Your output should be the line with "movable object such" plus all following lines to the end of the records, exactly as written and nothing more.

___ SUPPLIED DATA ___

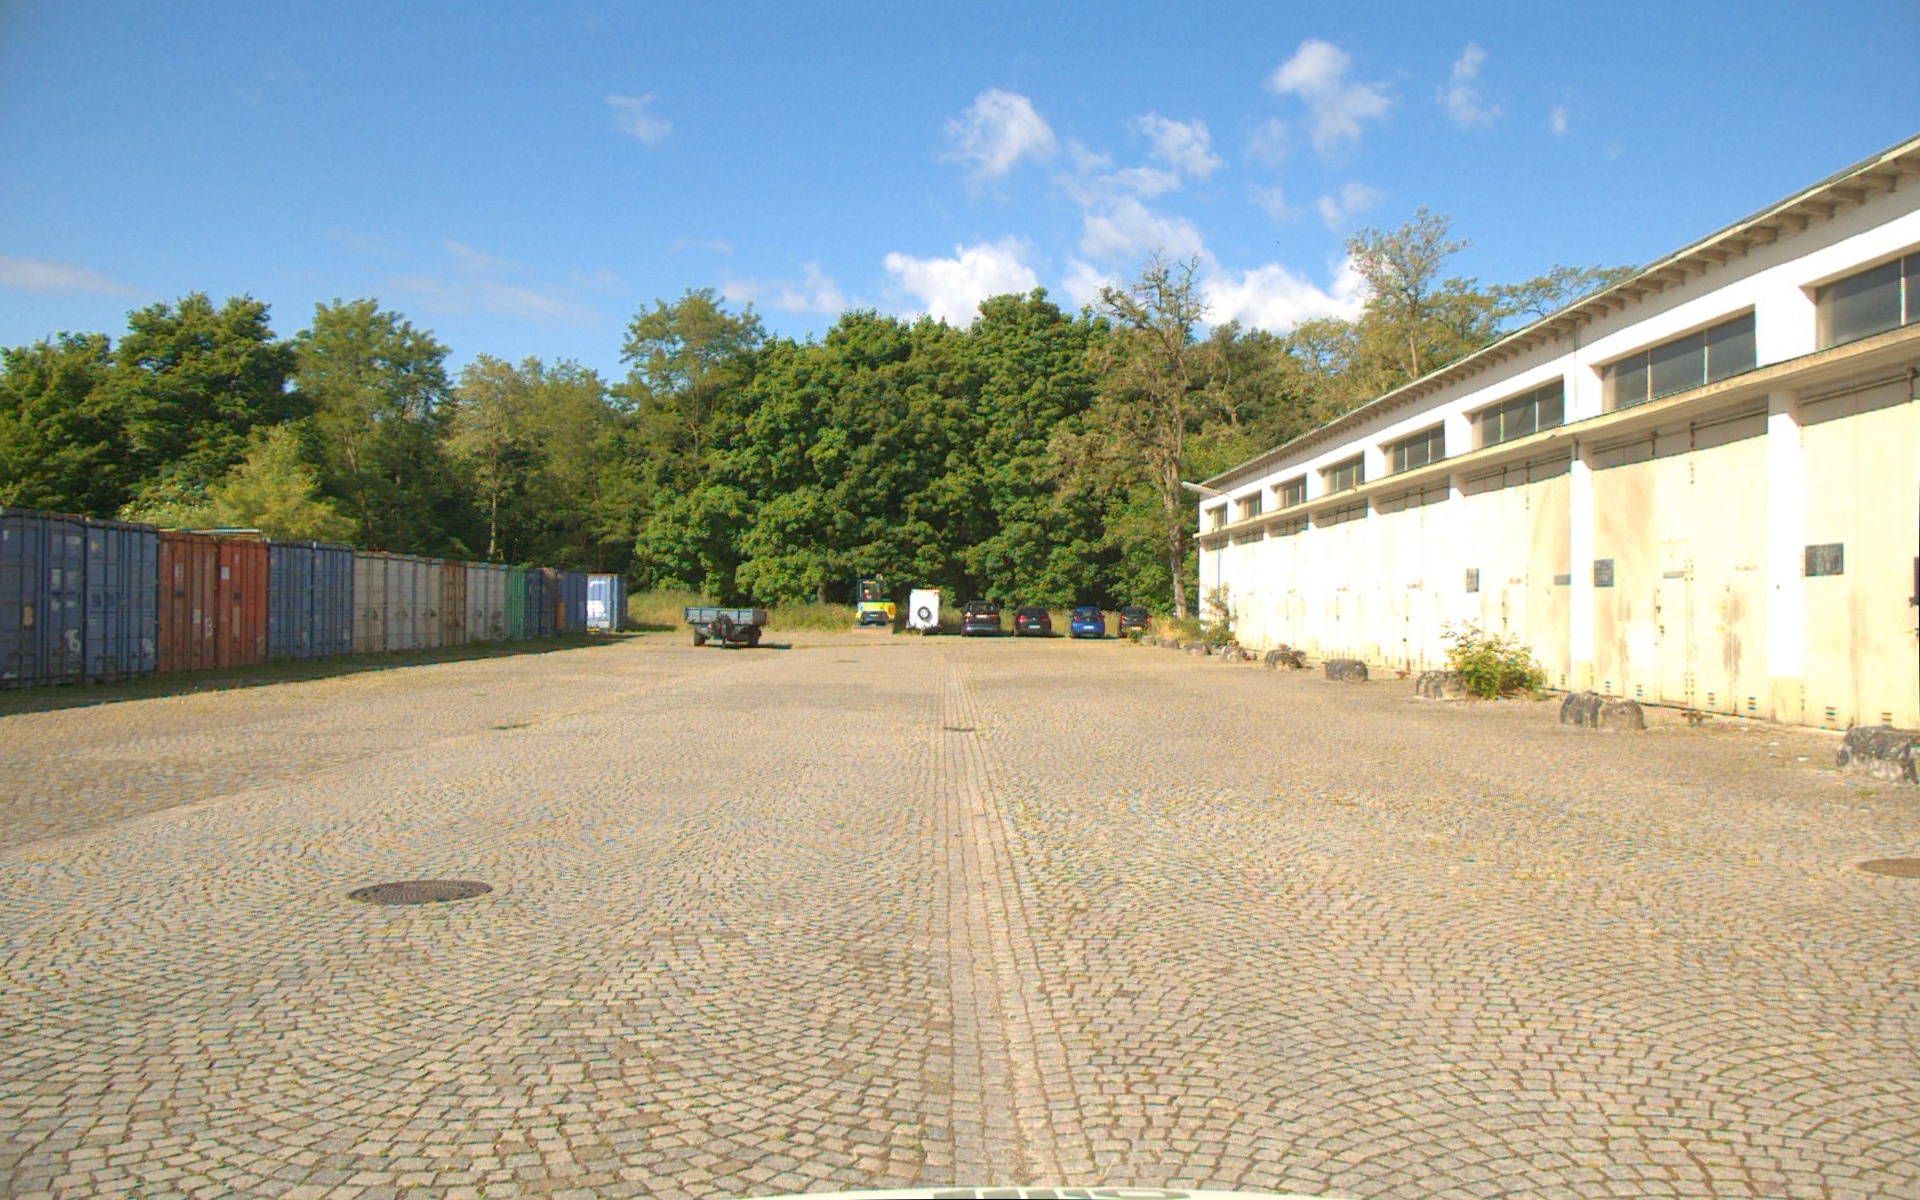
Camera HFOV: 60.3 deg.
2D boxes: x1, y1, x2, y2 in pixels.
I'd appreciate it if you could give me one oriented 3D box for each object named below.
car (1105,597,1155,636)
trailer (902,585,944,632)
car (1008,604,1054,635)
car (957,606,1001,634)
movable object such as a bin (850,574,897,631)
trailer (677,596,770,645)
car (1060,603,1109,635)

___

### RESULT OF THE TASK
movable object such as a bin (850,574,897,631)
trailer (677,596,770,645)
car (1060,603,1109,635)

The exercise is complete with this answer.